─── INPUT RECORDS ───
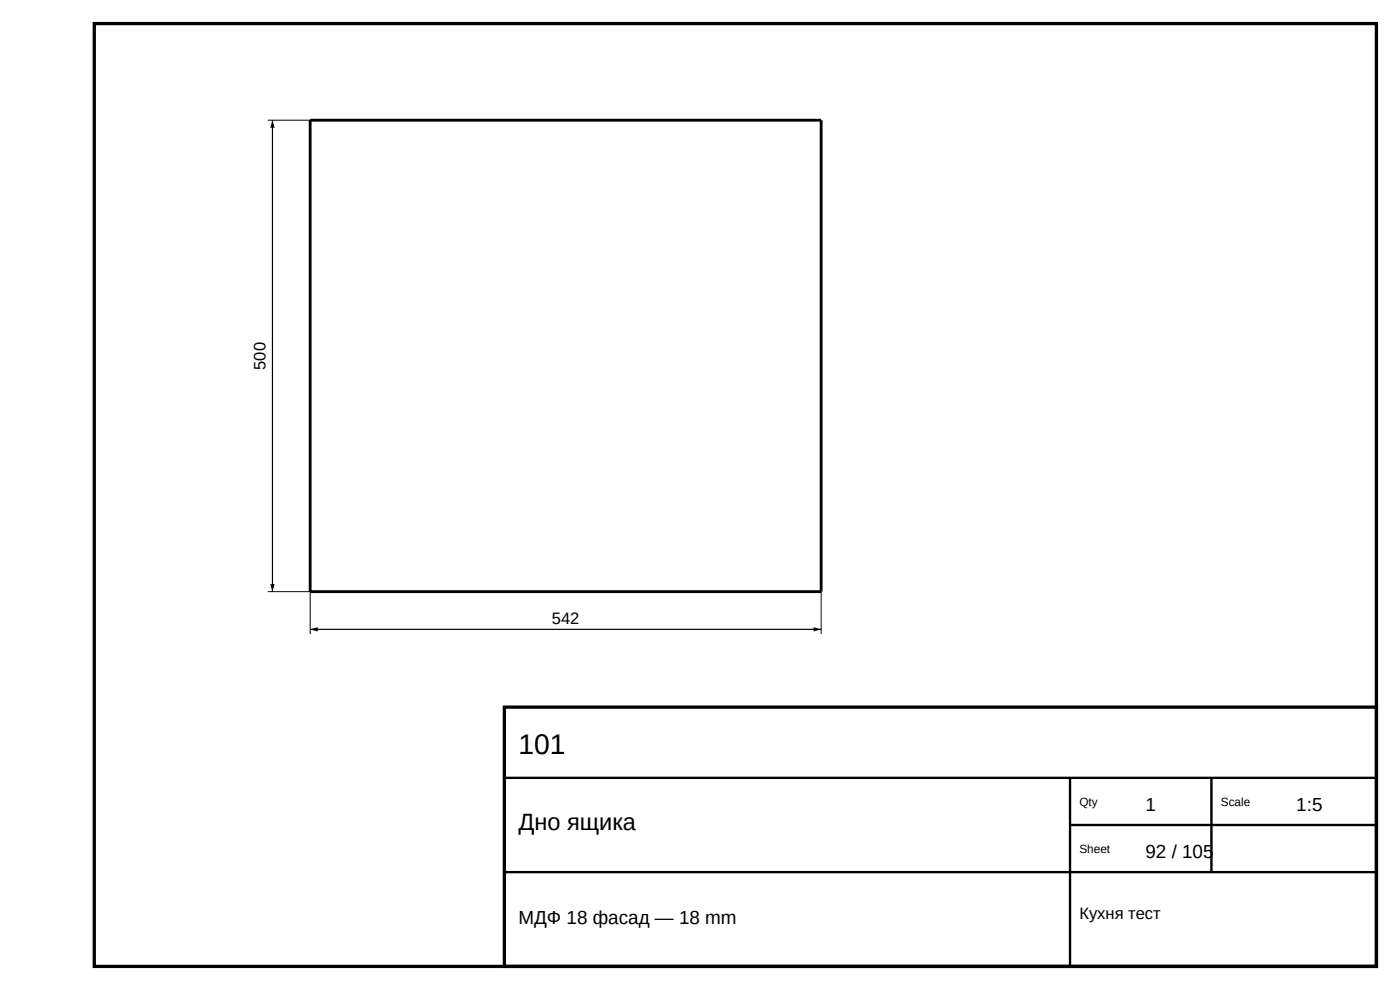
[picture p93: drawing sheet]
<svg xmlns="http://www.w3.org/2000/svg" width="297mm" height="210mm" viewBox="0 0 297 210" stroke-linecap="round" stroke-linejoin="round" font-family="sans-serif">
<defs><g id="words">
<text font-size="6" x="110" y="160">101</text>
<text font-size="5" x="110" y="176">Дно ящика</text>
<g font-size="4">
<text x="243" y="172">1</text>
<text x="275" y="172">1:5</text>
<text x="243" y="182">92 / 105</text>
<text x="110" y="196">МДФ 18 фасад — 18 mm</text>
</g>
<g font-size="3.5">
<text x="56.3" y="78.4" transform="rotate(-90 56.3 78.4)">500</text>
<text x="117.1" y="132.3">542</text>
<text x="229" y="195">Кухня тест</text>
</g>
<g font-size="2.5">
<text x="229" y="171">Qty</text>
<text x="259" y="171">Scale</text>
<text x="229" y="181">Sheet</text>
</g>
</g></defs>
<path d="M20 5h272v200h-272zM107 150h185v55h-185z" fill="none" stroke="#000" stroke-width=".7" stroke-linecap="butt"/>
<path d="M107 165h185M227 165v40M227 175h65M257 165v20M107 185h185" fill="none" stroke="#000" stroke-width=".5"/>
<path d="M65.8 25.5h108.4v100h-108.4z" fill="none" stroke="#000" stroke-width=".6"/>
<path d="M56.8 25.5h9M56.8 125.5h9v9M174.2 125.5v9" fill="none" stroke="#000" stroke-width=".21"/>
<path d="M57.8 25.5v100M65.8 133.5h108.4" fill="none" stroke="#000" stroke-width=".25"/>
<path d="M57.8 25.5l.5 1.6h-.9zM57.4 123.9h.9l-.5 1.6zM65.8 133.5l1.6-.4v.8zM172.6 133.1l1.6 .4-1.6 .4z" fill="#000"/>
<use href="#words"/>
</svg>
───
TASK GOAL
Would you please return all lines from the listing above that contain "linecap"?

YOUR RESPONSE
<svg xmlns="http://www.w3.org/2000/svg" width="297mm" height="210mm" viewBox="0 0 297 210" stroke-linecap="round" stroke-linejoin="round" font-family="sans-serif">
<path d="M20 5h272v200h-272zM107 150h185v55h-185z" fill="none" stroke="#000" stroke-width=".7" stroke-linecap="butt"/>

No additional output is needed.